O’Gara et al. noted a 28-year-old female presenting 2 days postpartum with cardiac failure that was subsequently diagnosed with PMBCL and underwent R-CHOP treatment [18].

Perez and Khalid demonstrated the safety of chemotherapy initiation for PMBCL diagnosed in the late first and second trimester [15,16]. In a Russian study, Mangasarova et al. reported 8 cases of PMBCL in pregnancy that underwent chemotherapy during second and third trimesters. Four women were treated with etoposide, doxorubicin, cyclophosphamide, vincristine, prednisone, and bleomycin and 3 were treated with rituximab and dose adjusted etoposide, vincristine, doxorubicin, cyclophosphamide, and prednisone. High dose chemotherapy and radiation were given to 7 women. The newborns of those treated with rituximab developed pneumonia [19]. These studies help demonstrate the safety of treatment with chemotherapy during pregnancy; however, not all diagnoses are made with sufficient time for treatment. The decision becomes more complex when pregnancy is approaching late preterm or term. Sehmi et al. reported a case of a 37-year-old female at 38 weeks of gestation presenting with vague complaints of syncope, headache, and epigastric pain. Her diagnosis was unclear. She underwent induction with successful delivery. She presented postpartum with complaints of dyspnea and dysphagia and was diagnosed with PMBCL, and treated with R-CHOP [20]. Fiascone et al. reported a case of a 35-year-old female diagnosed with PMBCL at 29 weeks of gestation who completed 2 cycles of R-CHOP treatment prior to induction of labor [21].
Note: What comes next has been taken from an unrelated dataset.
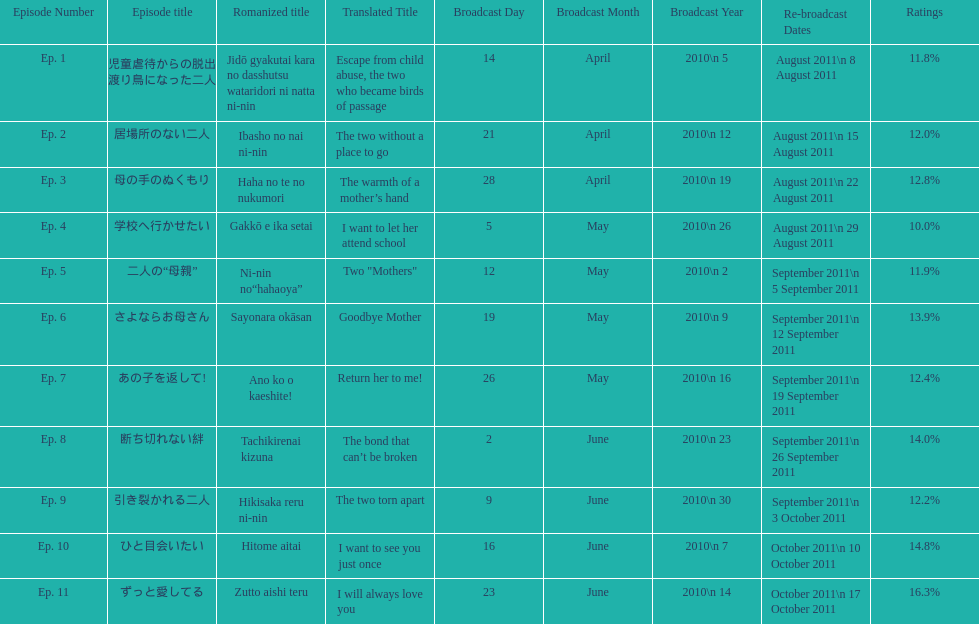Could you parse the entire table? {'header': ['Episode Number', 'Episode title', 'Romanized title', 'Translated Title', 'Broadcast Day', 'Broadcast Month', 'Broadcast Year', 'Re-broadcast Dates', 'Ratings'], 'rows': [['Ep. 1', '児童虐待からの脱出 渡り鳥になった二人', 'Jidō gyakutai kara no dasshutsu wataridori ni natta ni-nin', 'Escape from child abuse, the two who became birds of passage', '14', 'April', '2010\\n 5', 'August 2011\\n 8 August 2011', '11.8%'], ['Ep. 2', '居場所のない二人', 'Ibasho no nai ni-nin', 'The two without a place to go', '21', 'April', '2010\\n 12', 'August 2011\\n 15 August 2011', '12.0%'], ['Ep. 3', '母の手のぬくもり', 'Haha no te no nukumori', 'The warmth of a mother’s hand', '28', 'April', '2010\\n 19', 'August 2011\\n 22 August 2011', '12.8%'], ['Ep. 4', '学校へ行かせたい', 'Gakkō e ika setai', 'I want to let her attend school', '5', 'May', '2010\\n 26', 'August 2011\\n 29 August 2011', '10.0%'], ['Ep. 5', '二人の“母親”', 'Ni-nin no“hahaoya”', 'Two "Mothers"', '12', 'May', '2010\\n 2', 'September 2011\\n 5 September 2011', '11.9%'], ['Ep. 6', 'さよならお母さん', 'Sayonara okāsan', 'Goodbye Mother', '19', 'May', '2010\\n 9', 'September 2011\\n 12 September 2011', '13.9%'], ['Ep. 7', 'あの子を返して!', 'Ano ko o kaeshite!', 'Return her to me!', '26', 'May', '2010\\n 16', 'September 2011\\n 19 September 2011', '12.4%'], ['Ep. 8', '断ち切れない絆', 'Tachikirenai kizuna', 'The bond that can’t be broken', '2', 'June', '2010\\n 23', 'September 2011\\n 26 September 2011', '14.0%'], ['Ep. 9', '引き裂かれる二人', 'Hikisaka reru ni-nin', 'The two torn apart', '9', 'June', '2010\\n 30', 'September 2011\\n 3 October 2011', '12.2%'], ['Ep. 10', 'ひと目会いたい', 'Hitome aitai', 'I want to see you just once', '16', 'June', '2010\\n 7', 'October 2011\\n 10 October 2011', '14.8%'], ['Ep. 11', 'ずっと愛してる', 'Zutto aishi teru', 'I will always love you', '23', 'June', '2010\\n 14', 'October 2011\\n 17 October 2011', '16.3%']]} How many episode total are there? 11. 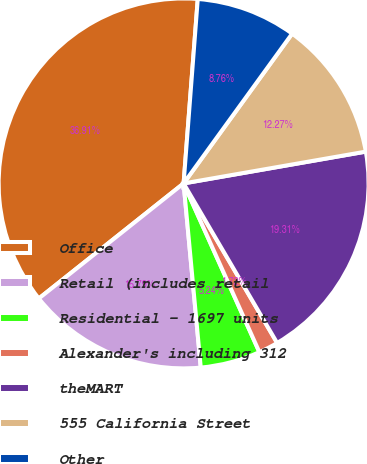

With scant case reports of PMBCL in pregnancy and those available having a wide range of gestational ages at diagnosis, there is no clear consensus of best management and timing of chemotherapy when diagnosis occurs during late preterm or term gestation. In our patient’s case, malignancy was diagnosed at late preterm with severe symptoms, leaving the delivery to treatment interval to be short. With the completion of betamethasone for fetal lung maturity a few days following admission, many consultants provided insight into our patient’s care and led to the final decision of delivery followed by initiation of cancer treatment. Predelivery radiation was considered with aim to reduce tumor size; however, given concerns for tumor lysis syndrome during pregnancy and considerations for suboptimal, reduced dose, postpartum radiation was elected.

COLLABORATIVE CARE:

Each colleague consulted in this case provided unique knowledge toward the plan of care for our patient and without this approach; the outcome might have been different. A very crucial part of this discussion came from our anesthesia colleagues due to the significant challenges in delivering anesthesia and how that would impact mode of delivery. Oncologists raised the point of not having to reduce chemotherapy and radiation dose if delivery occurred versus initiation therapy with reduced dose and continuing the pregnancy. Due to gestational age and ability to complete antenatal steroids, delivery occurred, and treatment was initiated quickly during her post-partum period. Our patient’s course highlights the gravity of these types of situations and the need to approach these with many different teams on board.

Conclusions

In conclusion, we report a case of newly diagnosed primary B cell lymphoma during pregnancy after presenting with dyspnea. Awareness of physiologic versus pathologic dyspnea in pregnancy is vital in these situations. This case proved a challenging one to our entire team with unique challenges to our anesthesia colleagues that we were not aware of prior to this case.